Right; so one thing we can try is to ramp-up the boost. Because
currently its a bit of an asymmetric thing in that we'll instantly boost
to max and then slowly back off again.

If instead we need to 'earn' full boost by repeatedly blocking on IO
this might sufficiently damp your spikes.

> >> Also note that if you set the boost OPP to the lowest OPP you
> >> effectively do disable it.
> >>
> >> Looking at the code, it appears we already have this in
> >> iowait_boost_max.
> >
> > Currently it is set to:
> >  sg_cpu->iowait_boost_max = policy->cpuinfo.max_freq
> >
> > Are you proposing to make this a sysfs tunable so we can override what
> > the iowait_boost_max value is?

Not sysfs, but maybe cpufreq driver / platform. For example have it be
the OPP that provides the max Instructions per Watt.
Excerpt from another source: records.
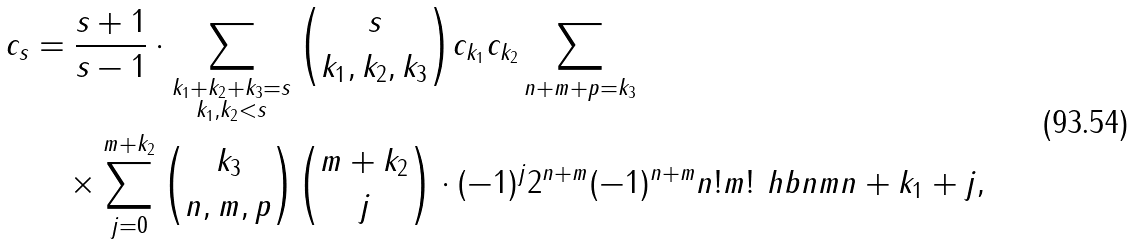Convert formula to latex. <formula><loc_0><loc_0><loc_500><loc_500>c _ { s } & = \frac { s + 1 } { s - 1 } \cdot \sum _ { \substack { k _ { 1 } + k _ { 2 } + k _ { 3 } = s \\ k _ { 1 } , k _ { 2 } < s } } \binom { s } { k _ { 1 } , k _ { 2 } , k _ { 3 } } c _ { k _ { 1 } } c _ { k _ { 2 } } \sum _ { n + m + p = k _ { 3 } } \\ & \quad \times \sum _ { j = 0 } ^ { m + k _ { 2 } } \binom { k _ { 3 } } { n , m , p } \binom { m + k _ { 2 } } { j } \cdot ( - 1 ) ^ { j } 2 ^ { n + m } ( - 1 ) ^ { n + m } n ! m ! \ h b { n } m { n + k _ { 1 } + j } ,</formula> 
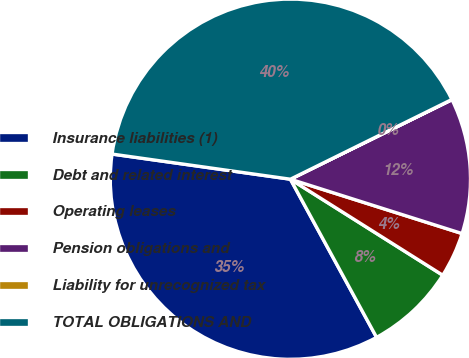Convert chart to OTSL. <chart><loc_0><loc_0><loc_500><loc_500><pie_chart><fcel>Insurance liabilities (1)<fcel>Debt and related interest<fcel>Operating leases<fcel>Pension obligations and<fcel>Liability for unrecognized tax<fcel>TOTAL OBLIGATIONS AND<nl><fcel>35.17%<fcel>8.11%<fcel>4.07%<fcel>12.16%<fcel>0.02%<fcel>40.47%<nl></chart> 
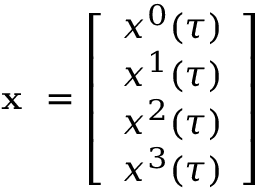Convert formula to latex. <formula><loc_0><loc_0><loc_500><loc_500>x = \left [ \begin{array} { c } { x ^ { 0 } ( \tau ) } \\ { x ^ { 1 } ( \tau ) } \\ { x ^ { 2 } ( \tau ) } \\ { x ^ { 3 } ( \tau ) } \end{array} \right ]</formula> 
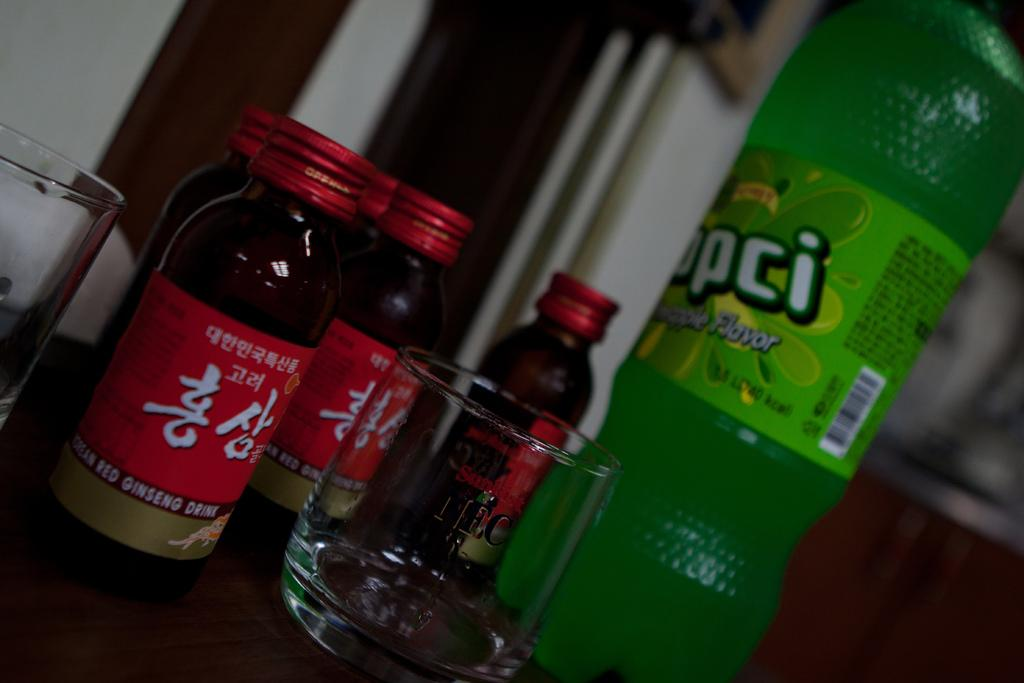<image>
Offer a succinct explanation of the picture presented. The red bottles with Korean characters have labels that say "ginseng drink" near the bottom of the bottle. 
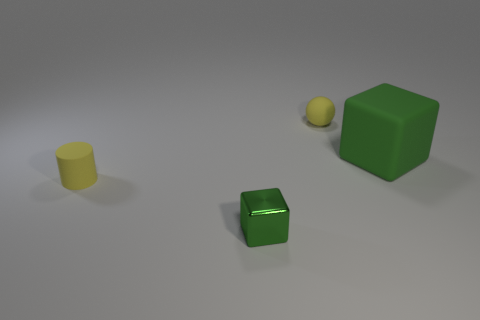What is the shape of the small object that is made of the same material as the tiny yellow cylinder?
Provide a succinct answer. Sphere. There is a object that is on the right side of the yellow rubber ball; is its size the same as the small metal thing?
Your response must be concise. No. What is the shape of the tiny yellow matte thing that is on the left side of the yellow object behind the large green matte cube?
Keep it short and to the point. Cylinder. There is a yellow object to the right of the small thing that is left of the small green shiny block; how big is it?
Provide a short and direct response. Small. What is the color of the small object on the left side of the tiny green metal object?
Provide a succinct answer. Yellow. The cylinder that is made of the same material as the small ball is what size?
Offer a terse response. Small. What number of other green objects are the same shape as the tiny green metallic thing?
Offer a very short reply. 1. What is the material of the ball that is the same size as the shiny thing?
Your response must be concise. Rubber. Is there a small green cube made of the same material as the small yellow ball?
Give a very brief answer. No. There is a tiny object that is behind the tiny green metallic cube and to the right of the small yellow cylinder; what color is it?
Make the answer very short. Yellow. 
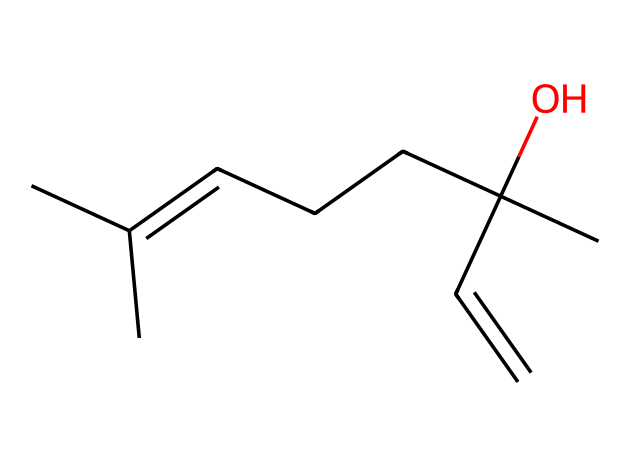how many carbon atoms are in linalool? In the provided SMILES representation, count the 'C' symbols to determine the number of carbon atoms. There are ten 'C' symbols present in the structure.
Answer: ten how many hydroxyl groups does linalool contain? A hydroxyl group is represented as '-OH' in chemical structures. In the SMILES, there is one 'O' connected to a hydrogen (inferred from the OH structure), indicating one hydroxyl group.
Answer: one what type of functional group is present in linalool? The presence of a hydroxyl group (-OH) indicates that linalool contains an alcohol functional group, which is characteristic of terpenes with relaxing properties.
Answer: alcohol is linalool a cyclic or acyclic compound? An acyclic compound contains a linear structure without rings. The SMILES representation does not show any cyclic components; hence, linalool is acyclic.
Answer: acyclic does linalool have any double bonds? The 'C=C' part of the SMILES indicates the presence of a double bond between two carbon atoms, which affects its reactivity and aromatic properties.
Answer: yes what is the molecular weight of linalool? An estimate of molecular weight can be calculated based on the atoms present (10 carbons, 18 hydrogens, 1 oxygen). The total comes out to approximately 154.25 g/mol.
Answer: 154.25 what category of terpenes does linalool belong to? Linalool is classified as a monoterpene due to its structure, which consists of 10 carbon atoms arranged in a specific way, typical of monoterpenes.
Answer: monoterpene

> Peter I didn't hear back from you. Maybe my comment here did not make
> much sense to you? 

Again sorry; I completely missed it :/

> That could be because I was confused what you meant by
> iowait_boost_max setting to 0. Currently afaik there isn't an upstream
> way of doing this. Were you suggesting making iowait_boost_max as a
> tunable and setting it to 0?

Tunable as in exposed to the driver, not userspace.

But I'm hoping an efficient OPP and the ramp-up together would be enough
for your case and also still work for our desktop/server loads.